(Records excerpted from a collection)
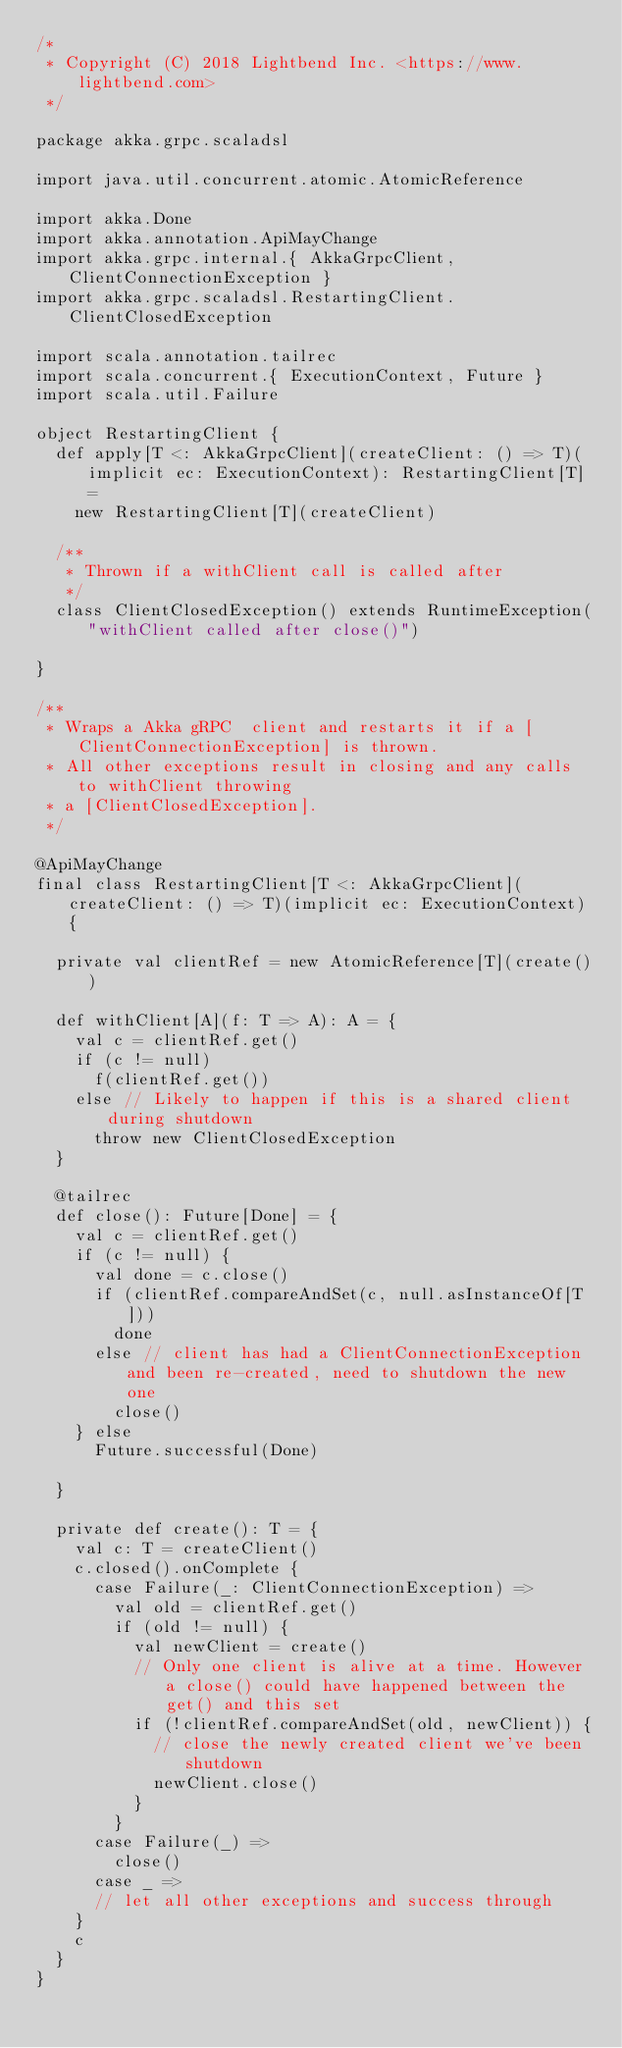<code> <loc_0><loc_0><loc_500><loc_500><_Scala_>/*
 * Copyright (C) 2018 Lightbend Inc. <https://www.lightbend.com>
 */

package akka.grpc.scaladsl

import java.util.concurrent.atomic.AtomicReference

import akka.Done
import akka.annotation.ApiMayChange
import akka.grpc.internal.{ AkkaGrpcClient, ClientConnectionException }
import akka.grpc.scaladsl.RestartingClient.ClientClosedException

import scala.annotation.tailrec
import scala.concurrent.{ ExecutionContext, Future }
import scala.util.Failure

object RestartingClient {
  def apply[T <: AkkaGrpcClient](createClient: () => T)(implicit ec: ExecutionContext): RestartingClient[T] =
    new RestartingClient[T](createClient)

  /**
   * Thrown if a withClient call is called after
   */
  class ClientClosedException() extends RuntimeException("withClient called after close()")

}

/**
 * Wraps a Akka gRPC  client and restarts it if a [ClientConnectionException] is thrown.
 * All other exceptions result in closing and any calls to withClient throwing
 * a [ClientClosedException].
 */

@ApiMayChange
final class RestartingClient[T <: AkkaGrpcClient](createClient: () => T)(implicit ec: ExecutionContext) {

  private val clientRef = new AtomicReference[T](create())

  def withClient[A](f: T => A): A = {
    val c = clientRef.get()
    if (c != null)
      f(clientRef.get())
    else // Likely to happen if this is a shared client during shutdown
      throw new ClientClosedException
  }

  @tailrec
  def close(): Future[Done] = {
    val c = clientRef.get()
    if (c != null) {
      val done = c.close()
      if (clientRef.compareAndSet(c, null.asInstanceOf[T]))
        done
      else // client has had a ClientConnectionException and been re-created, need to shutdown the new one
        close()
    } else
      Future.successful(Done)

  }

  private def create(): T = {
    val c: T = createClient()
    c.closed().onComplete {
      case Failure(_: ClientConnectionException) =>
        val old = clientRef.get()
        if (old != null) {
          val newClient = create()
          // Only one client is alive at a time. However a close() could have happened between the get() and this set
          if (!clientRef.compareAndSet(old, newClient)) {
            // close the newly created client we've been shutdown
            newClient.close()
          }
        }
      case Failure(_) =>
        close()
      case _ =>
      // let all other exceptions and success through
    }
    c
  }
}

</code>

### EXERCISE DETAILS
Read the entries above and find each line holding the word "RestartingClient". Copy it out.

### FINISHED TASK
import akka.grpc.scaladsl.RestartingClient.ClientClosedException
object RestartingClient {
  def apply[T <: AkkaGrpcClient](createClient: () => T)(implicit ec: ExecutionContext): RestartingClient[T] =
    new RestartingClient[T](createClient)
final class RestartingClient[T <: AkkaGrpcClient](createClient: () => T)(implicit ec: ExecutionContext) {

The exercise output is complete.